Las encuadernaciones de la Ruta de la Seda (I)


 

Cuando el emperador chino Wŭ, de la dinastía Hàn Occidental, derrotó a los Xīongnú, un pueblo de las estepas de Asia central que ponía en jaque la frontera occidental de su Imperio, estableció cuatro guarniciones de frontera para mantener a esos guerreros nómadas a raya.

Fue así como, hacia el 104 a.C., nació Dūnhuáng. Justo entre los desiertos de Taklamakan y de Gobi.

Lo que en principio no fue sino una sencilla villa amurallada que albergaba un acantonamiento de tropas, se fue convirtiendo en una enorme ciudad.

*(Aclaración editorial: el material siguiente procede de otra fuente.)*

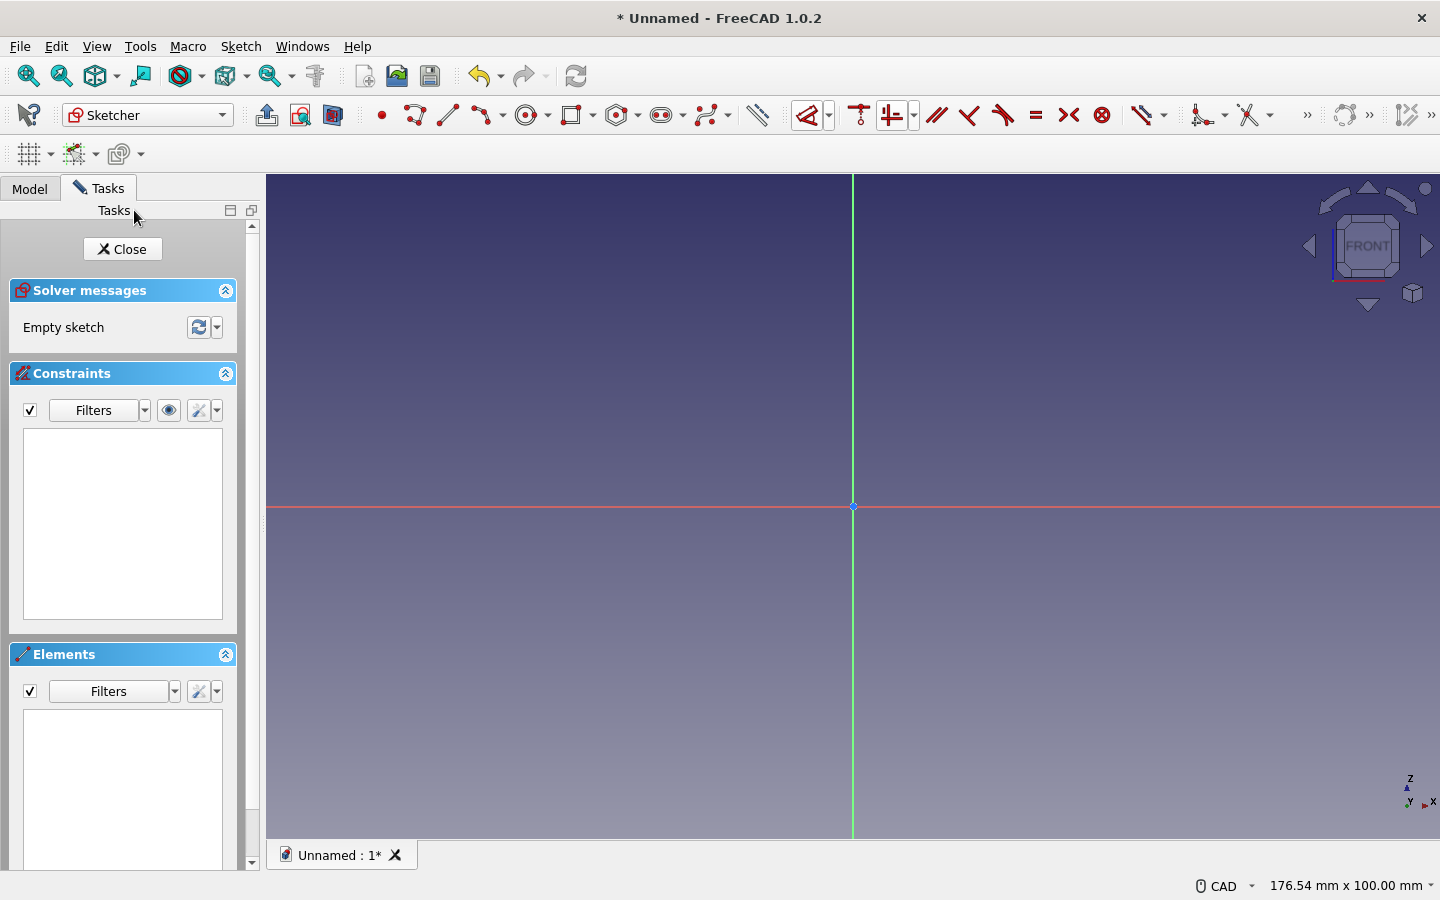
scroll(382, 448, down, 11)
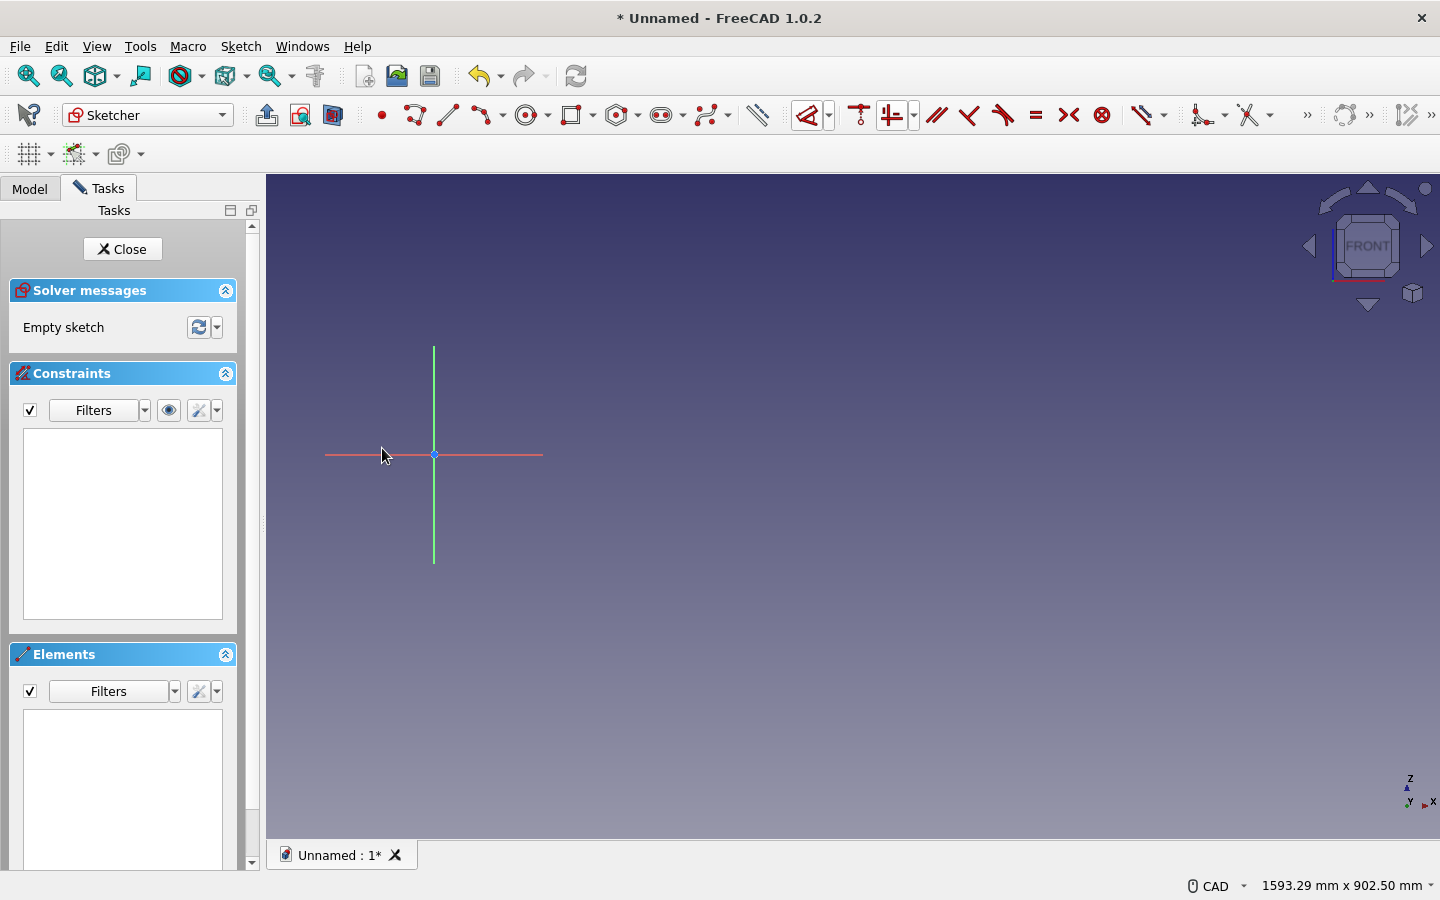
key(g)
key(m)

Para el tiempo de la dinastía Suí (581-618) ya era un núcleo urbano en donde se cruzaban los distintos caminos que hoy conocemos como la Ruta de la Seda: un entramado de rutas comerciales por las que transitaban las caravanas que llevaban ese y otros preciados productos desde oriente al Mediterráneo. En Dūnhuáng los caravaneros adquirían camellos bactrianos y comida, y contrataban escoltas para atravesar el peligroso Taklamakan, una pesadilla de arena plagada de bandidos. Su estratégica posición la hizo una presa codiciada por muchos pueblos: a lo largo de la historia estuvo en manos de los Xīongnú, los Tuòbá, los tibetanos, los uigures, el Reino de Khotan, los tanguts y los mongoles, además de los chinos.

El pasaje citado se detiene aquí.